Instructions to follow: All lines of the material that contain "small" must be copied out.

___ Extracted data

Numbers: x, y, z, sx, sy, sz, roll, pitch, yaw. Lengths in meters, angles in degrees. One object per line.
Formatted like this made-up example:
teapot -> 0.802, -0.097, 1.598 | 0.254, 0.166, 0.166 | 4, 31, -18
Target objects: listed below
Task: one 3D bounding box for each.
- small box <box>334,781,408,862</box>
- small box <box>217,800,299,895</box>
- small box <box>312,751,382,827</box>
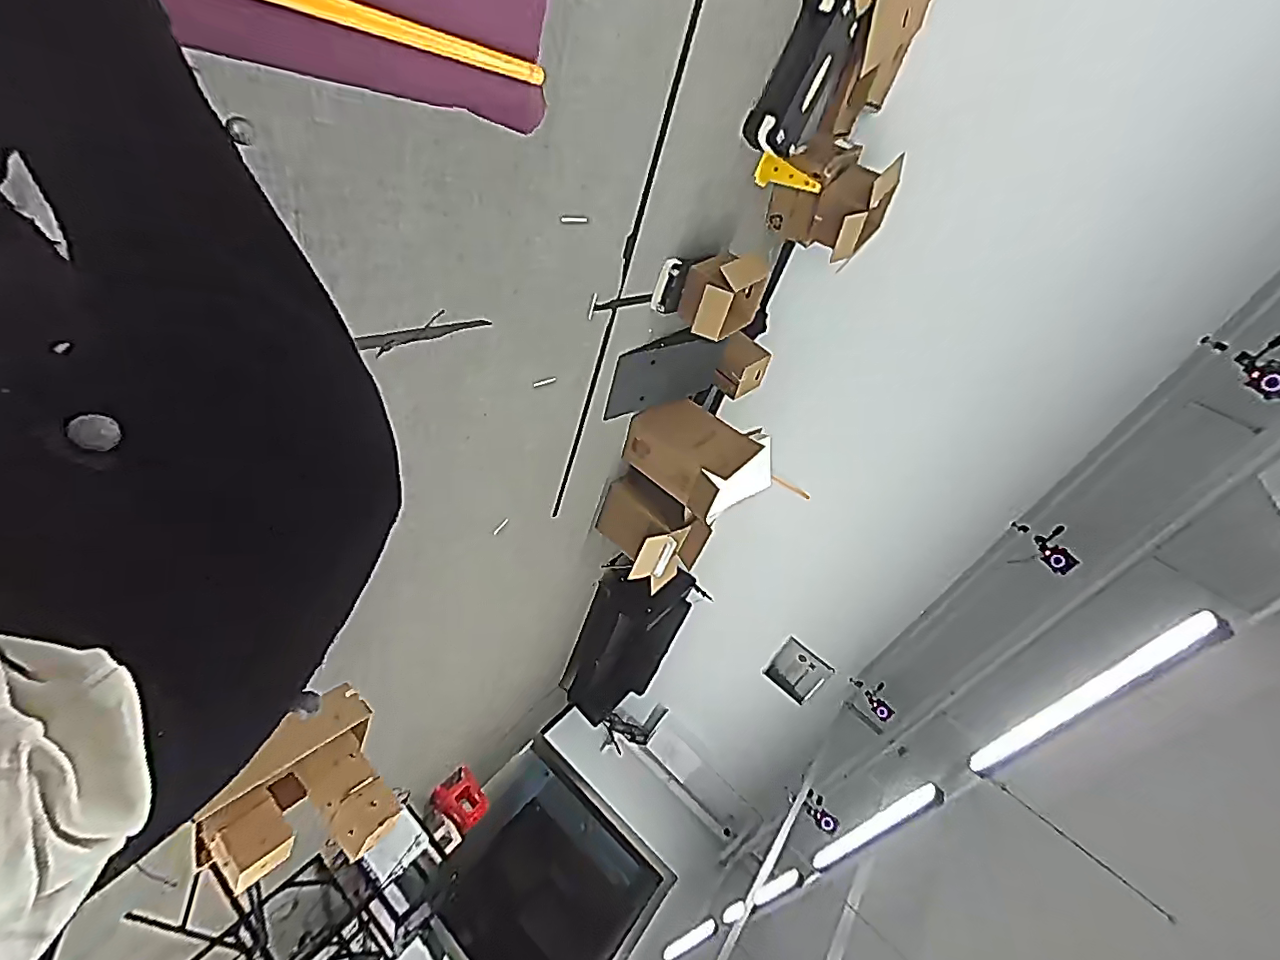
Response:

______

Task result:
- small box <box>334,781,408,862</box>
- small box <box>217,800,299,895</box>
- small box <box>312,751,382,827</box>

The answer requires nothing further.